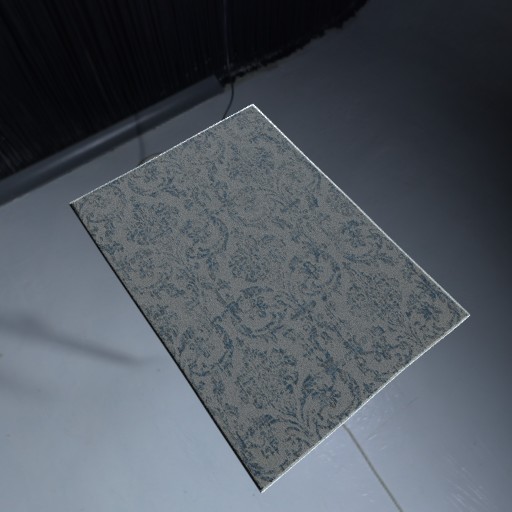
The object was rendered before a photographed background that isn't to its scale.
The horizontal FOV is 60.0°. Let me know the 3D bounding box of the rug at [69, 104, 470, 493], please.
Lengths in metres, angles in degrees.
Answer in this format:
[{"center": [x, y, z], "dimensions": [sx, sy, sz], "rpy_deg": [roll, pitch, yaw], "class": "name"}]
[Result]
[{"center": [0.000, 0.000, 2.864], "dimensions": [1.586, 0.014, 2.197], "rpy_deg": [-34, 67, -16], "class": "rug"}]
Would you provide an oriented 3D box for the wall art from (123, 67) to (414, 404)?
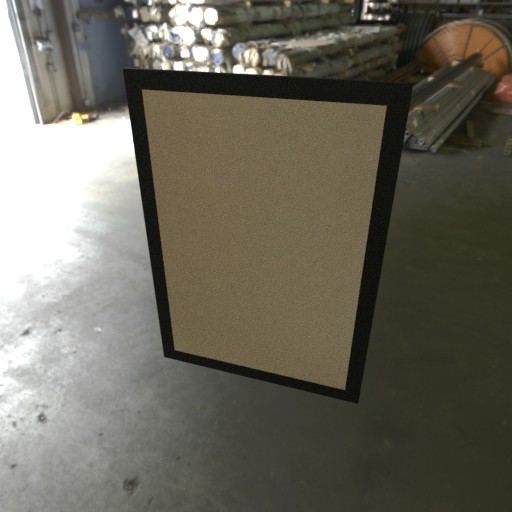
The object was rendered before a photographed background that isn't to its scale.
[{"bbox_3d":[0.000,0.000,0.693,0.379,0.530,0.008,9,32,15],"label":"wall art"}]
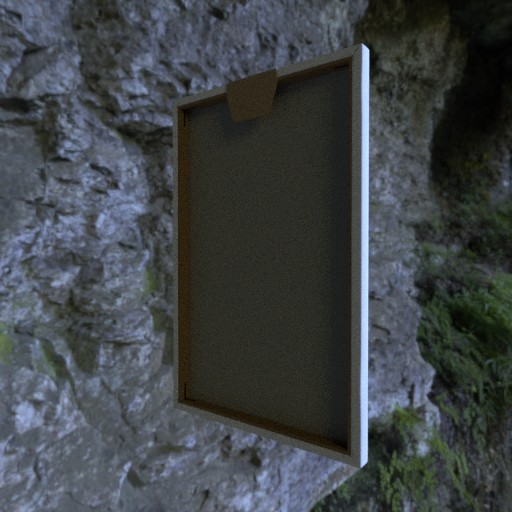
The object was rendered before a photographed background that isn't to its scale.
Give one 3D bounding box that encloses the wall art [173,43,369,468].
[{"bbox_3d":[0.000,0.000,1.150,0.602,0.916,0.048,1,1,38],"label":"wall art"}]
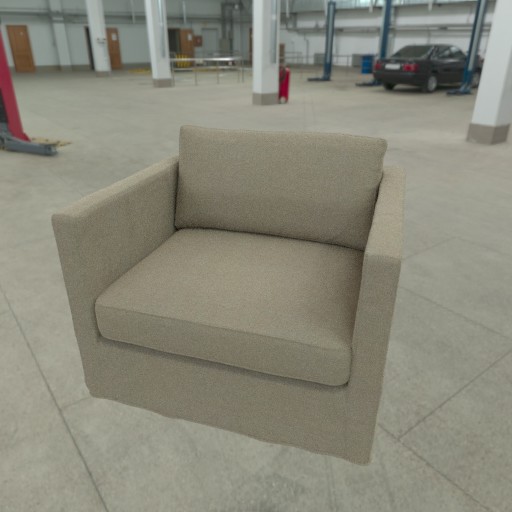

---

» **WHAT THIS TASK INVOLVES**
Your answer must be an exact copy of the lines from the start of the entries through the line with "Answer in this", with no pictures.

» **SOLUTION TO THE PROBLEM**
The object was rendered before a photographed background that isn't to its scale.
The horizontal FOV is 60.0°. Let me know the 3D bounding box of the rug at [69, 104, 470, 493], please.
Lengths in metres, angles in degrees.
Answer in this format:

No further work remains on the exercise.